Urban Heat Portal
Extreme heat doesn't hit every New York City neighborhood the same way. I designed a unified home for the city's scattered heat data, so advocacy groups and local government could turn it into arguments for heat-resilient policy.
Heat data existed. It was hard to find, process, and understand.
Extreme heat is one of the most under-addressed climate risks in the city. The data to act on it already existed, it just lived in disconnected spreadsheets, agency PDFs, and research portals that weren't built for the people who needed them most.
Synthesizing the research team's interviews with 8 advocacy groups, mostly data-curious advocates rather than data experts, I found three recurring barriers.
Help advocates understand what urban heat data means for their neighborhood, without needing a data scientist.
Supporting heat-resilience advocacy and research-driven policy in New York City.
Discover, define, design, deliver
I designed alongside a data model that was still being built. Many design changes followed shifts in the data structure, and the designs gave the team a shared picture of the final product to keep the conversation on usability going.
The map is the homepage. Everything branches from it.
Hover a neighborhood for a tooltip, click for its full profile, then download the report. Click to enlarge
How to make it easy for users to navigate nine overlapping data layers
Data once scattered across sources now lives as layers on one map, so the control panel had to work as the product's main navigation.
My first version was a flat list, fast to scan. Grouping layers into categories made related data easier to find, but names like "Mean Radiant Temperature" still meant nothing to a non-expert. So I added a plain-language description to each layer, shown only when it's active, to keep the list short.
Then the data team reorganized the layers into static and dynamic factors to match their model, and I restructured the panel around it. I set it in dark so it reads as a separate surface from the bright heat map underneath.
How to serve both advocates who need an answer and researchers who need the data
Advocates range from data-curious to data-skilled, the same spread as these three formats. Rather than design for one audience, the portal lets each user start where they are:
- Aggregated by neighborhood (default): the answer to "how is my area doing?"
- Raw data on the map: a toggle inside the active layer, so going deeper never takes users away from what they're looking at.
- Download dataset(s): fixed at the bottom of the panel, making the portal a source for their own analysis, not just a viewer.
How to help users understand what the data means for their neighborhood
Even with heat readings in hand, advocates can't see what they mean for a specific neighborhood. That takes what the research team did: weigh five outdoor environmental factors against each other and turn them into one measure of risk. That measure is the Outdoor Heat Exposure Index, a score for how exposed each neighborhood is to heat on summer days. It gives advocates a number they can act on: to see where their neighborhood stands, raise awareness, and make the case for policy.

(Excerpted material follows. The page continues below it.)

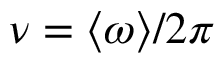Convert formula to latex. <formula><loc_0><loc_0><loc_500><loc_500>\nu = \langle \omega \rangle / 2 \pi</formula> 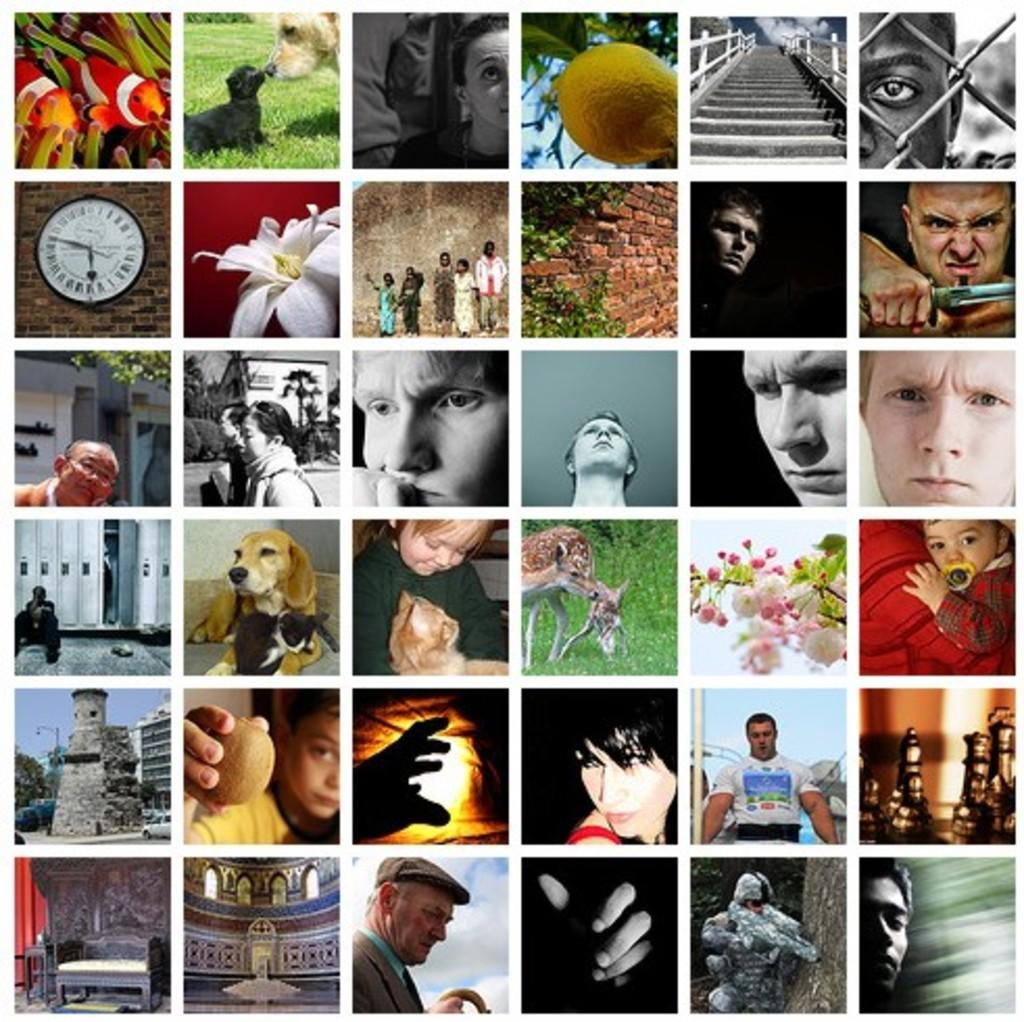What type of image is being described? The image is a collage of many different pictures. How are the pictures arranged in the collage? The arrangement of the pictures in the collage cannot be determined from the given fact. Can you describe any specific pictures within the collage? The given fact does not provide enough information to describe any specific pictures within the collage. How many balls are visible in the collage? There is no mention of any balls in the given fact, so it cannot be determined if any are present in the collage.

My job was to make that index readable for non-experts. I started before it was finalized, and early versions buried the score among raw temperature charts, with nothing to say whether a district was doing well or badly. Over five rounds I cut the raw data, broke the score into its five factors on one 1–5 scale, and added a comparison against every district in its borough.
Shipped, and still live
The portal launched publicly in April 2025, built on this design, and is still live at urbanheat.nyc ↗.
Community organizations and local governments now have one free, public source for neighborhood heat data, with the analysis already done, to build the case for heat-resilient policy.
I handed off before launch, so measurement wasn't set up. Next time I'd agree on signals with the team up front: dataset downloads, return visits from advocacy partners, and citations in testimony, reports, or grant applications.
What I'd carry into the next project
Civic tools are built for people who rarely get a say in them. Without earning revenue, there's little pressure to invest in how they're designed. But this is where it matters most: these tools help New Yorkers navigate systems that shape their daily lives.
Working alongside researchers and data scientists, I learned how raw, visualized, and aggregated data each behave on a map. That fluency let me keep pace with the data team as the model evolved.